You are correct. Currently, Scava requires the user to specify the date range for analysis for a project, either through a fixed date analysis (were a user specifies a start and end date for analysis) or via a daily analysis (were the user only specifies a start date). I know the information to calculate, let's say the number of days of analysis, can be calculated from information within the database. However, I am unsure to whom is responsible for making this visible to an end user. I agree with you that this information is vital when interpreting the factoids.

There are factoids with null value.

Looking at the information you provided to us, the factoids that are returning null I believe that are related to CWI's WP. @tdegueul should be able to help clear this up.

davidediruscio commented 4 years ago

We need to do a check pass on factoids accuracy and the question raised in this issue. Who can help ?

davidediruscio commented 4 years ago

@mhow2, I'll discuss this with @nnamokon tomorrow

davidediruscio commented 4 years ago

Hello @mhow2,

First of all, it seems that at a the day you raised the bug, I didn't understand correctly that there was an issue with the weekly factoid.
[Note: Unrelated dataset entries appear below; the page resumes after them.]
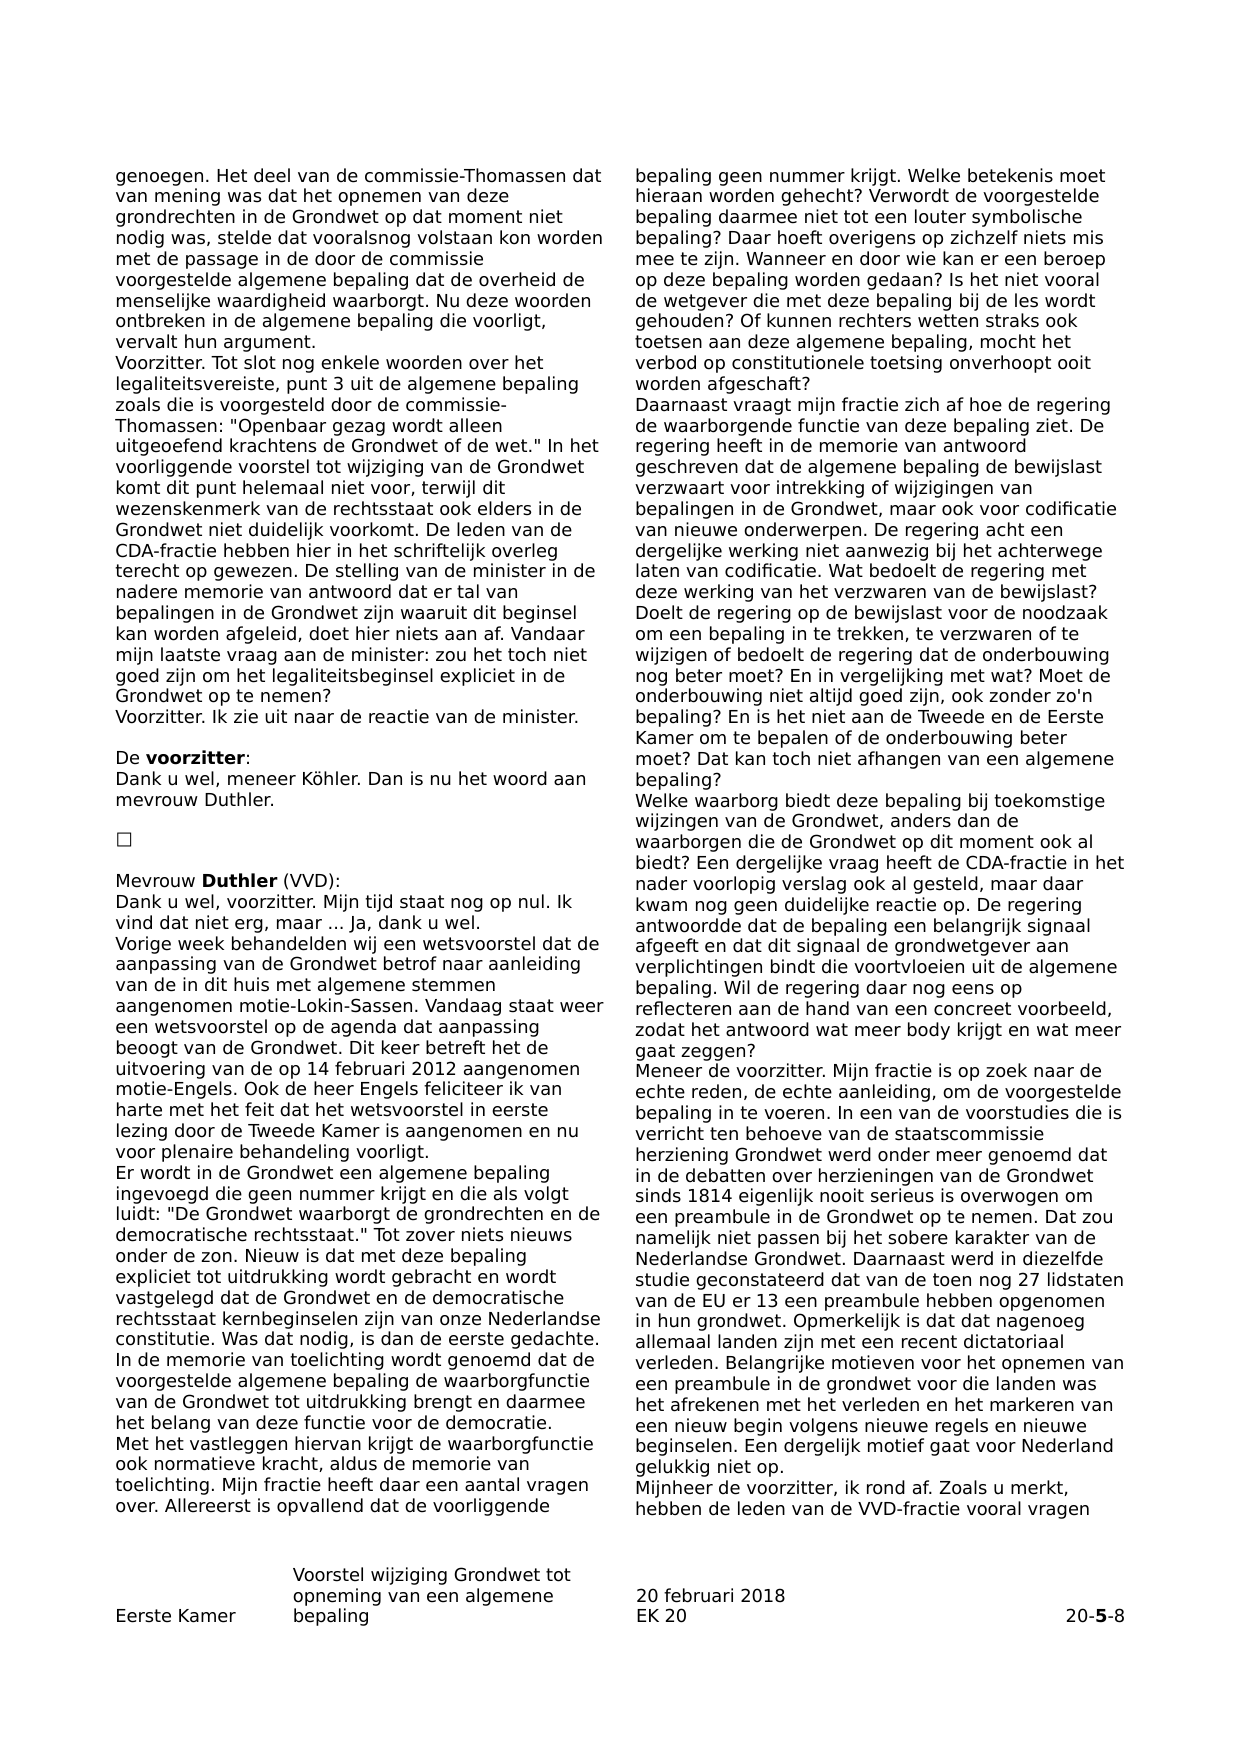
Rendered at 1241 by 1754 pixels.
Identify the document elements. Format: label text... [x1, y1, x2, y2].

text Meneer de voorzitter. Mijn fractie is op zoek naar de echte reden, de echte aanleiding, om de voorgestelde bepaling in te voeren. In een van de voorstudies die is verricht ten behoeve van de staatscommissie herziening Grondwet werd onder meer genoemd dat in de debatten over herzieningen van de Grondwet sinds 1814 eigenlijk nooit serieus is overwogen om een preambule in de Grondwet op te nemen. Dat zou namelijk niet passen bij het sobere karakter van de Nederlandse Grondwet. Daarnaast werd in diezelfde studie geconstateerd dat van de toen nog 27 lidstaten van de EU er 13 een preambule hebben opgenomen in hun grondwet. Opmerkelijk is dat dat nagenoeg allemaal landen zijn met een recent dictatoriaal verleden. Belangrijke motieven voor het opnemen van een preambule in de grondwet voor die landen was het afrekenen met het verleden en het markeren van een nieuw begin volgens nieuwe regels en nieuwe beginselen. Een dergelijk motief gaat voor Nederland gelukkig niet op. [635, 1061, 1125, 1478]
text Mevrouw Duthler (VVD): [115, 871, 605, 892]
text Er wordt in de Grondwet een algemene bepaling ingevoegd die geen nummer krijgt en die als volgt luidt: "De Grondwet waarborgt de grondrechten en de democratische rechtsstaat." Tot zover niets nieuws onder de zon. Nieuw is dat met deze bepaling expliciet tot uitdrukking wordt gebracht en wordt vastgelegd dat de Grondwet en de democratische rechtsstaat kernbeginselen zijn van onze Nederlandse constitutie. Was dat nodig, is dan de eerste gedachte. In de memorie van toelichting wordt genoemd dat de voorgestelde algemene bepaling de waarborgfunctie van de Grondwet tot uitdrukking brengt en daarmee het belang van deze functie voor de democratie. [115, 1162, 605, 1433]
text Met het vastleggen hiervan krijgt de waarborgfunctie ook normatieve kracht, aldus de memorie van toelichting. Mijn fractie heeft daar een aantal vragen over. Allereerst is opvallend dat de voorliggende [115, 1433, 605, 1517]
text ⬜ [115, 830, 605, 851]
text Dank u wel, meneer Köhler. Dan is nu het woord aan mevrouw Duthler. [115, 768, 605, 810]
text Welke waarborg biedt deze bepaling bij toekomstige wijzingen van de Grondwet, anders dan de waarborgen die de Grondwet op dit moment ook al biedt? Een dergelijke vraag heeft de CDA-fractie in het nader voorlopig verslag ook al gesteld, maar daar kwam nog geen duidelijke reactie op. De regering antwoordde dat de bepaling een belangrijk signaal afgeeft en dat dit signaal de grondwetgever aan verplichtingen bindt die voortvloeien uit de algemene bepaling. Wil de regering daar nog eens op reflecteren aan de hand van een concreet voorbeeld, zodat het antwoord wat meer body krijgt en wat meer gaat zeggen? [635, 790, 1125, 1061]
text Mijnheer de voorzitter, ik rond af. Zoals u merkt, hebben de leden van de VVD-fractie vooral vragen [635, 1478, 1125, 1519]
text Voorzitter. Tot slot nog enkele woorden over het legaliteitsvereiste, punt 3 uit de algemene bepaling zoals die is voorgesteld door de commissie-Thomassen: "Openbaar gezag wordt alleen uitgeoefend krachtens de Grondwet of de wet." In het voorliggende voorstel tot wijziging van de Grondwet komt dit punt helemaal niet voor, terwijl dit wezenskenmerk van de rechtsstaat ook elders in de Grondwet niet duidelijk voorkomt. De leden van de CDA-fractie hebben hier in het schriftelijk overleg terecht op gewezen. De stelling van de minister in de nadere memorie van antwoord dat er tal van bepalingen in de Grondwet zijn waaruit dit beginsel kan worden afgeleid, doet hier niets aan af. Vandaar mijn laatste vraag aan de minister: zou het toch niet goed zijn om het legaliteitsbeginsel expliciet in de Grondwet op te nemen? [115, 353, 605, 707]
text Dank u wel, voorzitter. Mijn tijd staat nog op nul. Ik vind dat niet erg, maar ... Ja, dank u wel. [115, 892, 605, 933]
text bepaling geen nummer krijgt. Welke betekenis moet hieraan worden gehecht? Verwordt de voorgestelde bepaling daarmee niet tot een louter symbolische bepaling? Daar hoeft overigens op zichzelf niets mis mee te zijn. Wanneer en door wie kan er een beroep op deze bepaling worden gedaan? Is het niet vooral de wetgever die met deze bepaling bij de les wordt gehouden? Of kunnen rechters wetten straks ook toetsen aan deze algemene bepaling, mocht het verbod op constitutionele toetsing onverhoopt ooit worden afgeschaft? [635, 165, 1125, 394]
text Voorzitter. Ik zie uit naar de reactie van de minister. [115, 707, 605, 728]
text De voorzitter: [115, 748, 605, 768]
text Vorige week behandelden wij een wetsvoorstel dat de aanpassing van de Grondwet betrof naar aanleiding van de in dit huis met algemene stemmen aangenomen motie-Lokin-Sassen. Vandaag staat weer een wetsvoorstel op de agenda dat aanpassing beoogt van de Grondwet. Dit keer betreft het de uitvoering van de op 14 februari 2012 aangenomen motie-Engels. Ook de heer Engels feliciteer ik van harte met het feit dat het wetsvoorstel in eerste lezing door de Tweede Kamer is aangenomen en nu voor plenaire behandeling voorligt. [115, 933, 605, 1162]
text Daarnaast vraagt mijn fractie zich af hoe de regering de waarborgende functie van deze bepaling ziet. De regering heeft in de memorie van antwoord geschreven dat de algemene bepaling de bewijslast verzwaart voor intrekking of wijzigingen van bepalingen in de Grondwet, maar ook voor codificatie van nieuwe onderwerpen. De regering acht een dergelijke werking niet aanwezig bij het achterwege laten van codificatie. Wat bedoelt de regering met deze werking van het verzwaren van de bewijslast? Doelt de regering op de bewijslast voor de noodzaak om een bepaling in te trekken, te verzwaren of te wijzigen of bedoelt de regering dat de onderbouwing nog beter moet? En in vergelijking met wat? Moet de onderbouwing niet altijd goed zijn, ook zonder zo'n bepaling? En is het niet aan de Tweede en de Eerste Kamer om te bepalen of de onderbouwing beter moet? Dat kan toch niet afhangen van een algemene bepaling? [635, 394, 1125, 790]
text genoegen. Het deel van de commissie-Thomassen dat van mening was dat het opnemen van deze grondrechten in de Grondwet op dat moment niet nodig was, stelde dat vooralsnog volstaan kon worden met de passage in de door de commissie voorgestelde algemene bepaling dat de overheid de menselijke waardigheid waarborgt. Nu deze woorden ontbreken in de algemene bepaling die voorligt, vervalt hun argument. [115, 165, 605, 353]

Now, I have checked and yes, there was an issue with but with the transient metric that was charged of calculating the percentage of comments per day. In this case, the error is that it was setting a percentage of 14.29 when the days did not have any comments. This issue was happening with its similar version but of newsgroups. I have pushed the changes in https://github.com/crossminer/scava/commit/3a95498638d7164a9ecb99334c4bbf7d90672b58. However, it might be too late for projects that have been already analyzed.

Concerning with the documentation of factoids. This will be done by @nnamokon, he will explain which are the reasons or the the ranges to give specific stars to the projects.

With respect to the factoids that are null, those seem to be related to Rascal, thus @tdegueul should be able to fix the missing factoid field.